_WORK ITEM_
Here are the records. Write out exactly the lines between the one holding "43) books from (43, 227) to (48, 246)" and the one holding "56) books from (269, 282) to (276, 303)", inclusive.

(Saved entries)
..........
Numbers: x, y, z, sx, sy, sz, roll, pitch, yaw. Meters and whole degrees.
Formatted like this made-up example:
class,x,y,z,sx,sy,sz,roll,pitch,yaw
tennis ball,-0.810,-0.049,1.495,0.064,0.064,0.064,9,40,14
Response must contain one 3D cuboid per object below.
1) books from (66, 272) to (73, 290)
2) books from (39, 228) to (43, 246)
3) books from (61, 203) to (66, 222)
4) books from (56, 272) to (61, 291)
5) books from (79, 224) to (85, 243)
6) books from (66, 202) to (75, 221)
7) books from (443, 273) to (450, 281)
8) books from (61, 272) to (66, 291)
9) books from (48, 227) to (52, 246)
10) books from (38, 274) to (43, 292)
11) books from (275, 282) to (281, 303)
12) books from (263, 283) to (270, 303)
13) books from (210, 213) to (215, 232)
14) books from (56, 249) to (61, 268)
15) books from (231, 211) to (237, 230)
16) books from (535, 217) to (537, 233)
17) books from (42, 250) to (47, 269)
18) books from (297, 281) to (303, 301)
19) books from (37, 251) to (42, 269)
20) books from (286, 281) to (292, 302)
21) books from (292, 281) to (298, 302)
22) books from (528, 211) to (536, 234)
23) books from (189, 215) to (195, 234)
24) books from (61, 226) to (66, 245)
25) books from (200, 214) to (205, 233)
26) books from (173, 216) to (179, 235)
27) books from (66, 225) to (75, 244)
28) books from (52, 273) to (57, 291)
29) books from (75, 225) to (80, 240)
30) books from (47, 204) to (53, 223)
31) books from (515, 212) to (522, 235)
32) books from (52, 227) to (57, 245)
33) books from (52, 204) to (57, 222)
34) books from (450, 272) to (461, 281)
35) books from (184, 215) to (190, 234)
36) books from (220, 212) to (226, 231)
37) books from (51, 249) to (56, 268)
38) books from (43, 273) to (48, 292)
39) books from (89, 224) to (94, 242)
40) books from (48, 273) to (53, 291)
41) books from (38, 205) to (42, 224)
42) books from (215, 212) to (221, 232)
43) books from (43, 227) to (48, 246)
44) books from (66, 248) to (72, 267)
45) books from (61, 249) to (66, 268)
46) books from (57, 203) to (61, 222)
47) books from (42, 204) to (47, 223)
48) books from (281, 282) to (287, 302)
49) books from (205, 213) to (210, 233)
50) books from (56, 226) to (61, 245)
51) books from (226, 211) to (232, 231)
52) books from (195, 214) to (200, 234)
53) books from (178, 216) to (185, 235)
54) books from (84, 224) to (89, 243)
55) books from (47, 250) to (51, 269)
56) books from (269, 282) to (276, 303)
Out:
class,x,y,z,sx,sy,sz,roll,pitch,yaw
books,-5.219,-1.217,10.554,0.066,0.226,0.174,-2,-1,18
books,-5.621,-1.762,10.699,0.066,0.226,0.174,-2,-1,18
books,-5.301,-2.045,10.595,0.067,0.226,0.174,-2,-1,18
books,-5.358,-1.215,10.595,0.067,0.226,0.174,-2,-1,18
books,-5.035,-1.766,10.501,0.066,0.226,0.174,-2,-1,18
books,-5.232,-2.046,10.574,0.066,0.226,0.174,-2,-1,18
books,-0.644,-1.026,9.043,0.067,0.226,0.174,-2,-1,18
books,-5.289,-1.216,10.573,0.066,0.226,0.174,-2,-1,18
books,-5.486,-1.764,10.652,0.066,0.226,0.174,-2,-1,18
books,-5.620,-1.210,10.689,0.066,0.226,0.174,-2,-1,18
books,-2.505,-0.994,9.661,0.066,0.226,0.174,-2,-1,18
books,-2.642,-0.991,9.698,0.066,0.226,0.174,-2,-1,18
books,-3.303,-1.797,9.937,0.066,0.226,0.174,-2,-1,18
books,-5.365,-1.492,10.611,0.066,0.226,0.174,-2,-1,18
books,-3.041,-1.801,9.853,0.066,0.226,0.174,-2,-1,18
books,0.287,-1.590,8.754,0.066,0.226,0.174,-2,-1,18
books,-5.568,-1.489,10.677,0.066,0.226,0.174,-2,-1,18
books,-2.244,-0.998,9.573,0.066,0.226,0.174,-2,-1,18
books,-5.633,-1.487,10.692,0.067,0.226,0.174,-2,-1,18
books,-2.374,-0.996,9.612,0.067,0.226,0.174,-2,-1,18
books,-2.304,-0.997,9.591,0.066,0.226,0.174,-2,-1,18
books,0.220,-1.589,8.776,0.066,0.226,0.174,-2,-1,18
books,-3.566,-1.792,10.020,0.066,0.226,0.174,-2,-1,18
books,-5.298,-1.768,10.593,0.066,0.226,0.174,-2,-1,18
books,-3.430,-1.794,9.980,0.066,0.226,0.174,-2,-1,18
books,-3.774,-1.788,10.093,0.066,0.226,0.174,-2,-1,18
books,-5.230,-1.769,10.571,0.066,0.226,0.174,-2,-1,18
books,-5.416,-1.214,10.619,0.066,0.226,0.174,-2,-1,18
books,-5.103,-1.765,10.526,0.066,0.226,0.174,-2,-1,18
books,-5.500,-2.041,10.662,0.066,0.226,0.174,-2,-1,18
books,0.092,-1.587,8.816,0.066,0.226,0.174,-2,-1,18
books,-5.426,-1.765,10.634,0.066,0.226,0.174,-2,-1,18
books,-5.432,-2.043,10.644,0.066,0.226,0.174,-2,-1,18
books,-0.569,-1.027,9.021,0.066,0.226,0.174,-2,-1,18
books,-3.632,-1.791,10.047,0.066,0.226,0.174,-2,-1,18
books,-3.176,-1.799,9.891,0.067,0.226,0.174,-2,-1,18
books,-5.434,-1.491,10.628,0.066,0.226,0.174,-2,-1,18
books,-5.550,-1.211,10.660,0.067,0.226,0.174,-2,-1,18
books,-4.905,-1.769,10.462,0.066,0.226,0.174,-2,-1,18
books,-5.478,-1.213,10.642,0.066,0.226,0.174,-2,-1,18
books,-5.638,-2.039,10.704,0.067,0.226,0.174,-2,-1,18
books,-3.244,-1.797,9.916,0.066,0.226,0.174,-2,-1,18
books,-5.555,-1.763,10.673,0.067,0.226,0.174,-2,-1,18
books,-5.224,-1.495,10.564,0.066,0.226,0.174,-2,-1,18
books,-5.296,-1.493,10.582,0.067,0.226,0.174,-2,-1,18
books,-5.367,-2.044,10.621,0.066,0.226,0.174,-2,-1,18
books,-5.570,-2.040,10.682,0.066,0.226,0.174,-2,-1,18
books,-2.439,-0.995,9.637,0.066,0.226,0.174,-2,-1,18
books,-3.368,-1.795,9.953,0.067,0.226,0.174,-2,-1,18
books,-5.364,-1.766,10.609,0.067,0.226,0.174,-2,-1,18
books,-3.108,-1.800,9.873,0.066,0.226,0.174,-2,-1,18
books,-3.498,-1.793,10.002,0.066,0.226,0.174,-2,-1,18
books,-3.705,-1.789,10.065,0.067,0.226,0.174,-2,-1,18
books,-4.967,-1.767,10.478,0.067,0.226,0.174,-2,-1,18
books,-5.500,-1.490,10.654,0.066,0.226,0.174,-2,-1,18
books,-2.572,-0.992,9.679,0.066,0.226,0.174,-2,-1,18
..........
_THE ANSWER_
43) books from (43, 227) to (48, 246)
44) books from (66, 248) to (72, 267)
45) books from (61, 249) to (66, 268)
46) books from (57, 203) to (61, 222)
47) books from (42, 204) to (47, 223)
48) books from (281, 282) to (287, 302)
49) books from (205, 213) to (210, 233)
50) books from (56, 226) to (61, 245)
51) books from (226, 211) to (232, 231)
52) books from (195, 214) to (200, 234)
53) books from (178, 216) to (185, 235)
54) books from (84, 224) to (89, 243)
55) books from (47, 250) to (51, 269)
56) books from (269, 282) to (276, 303)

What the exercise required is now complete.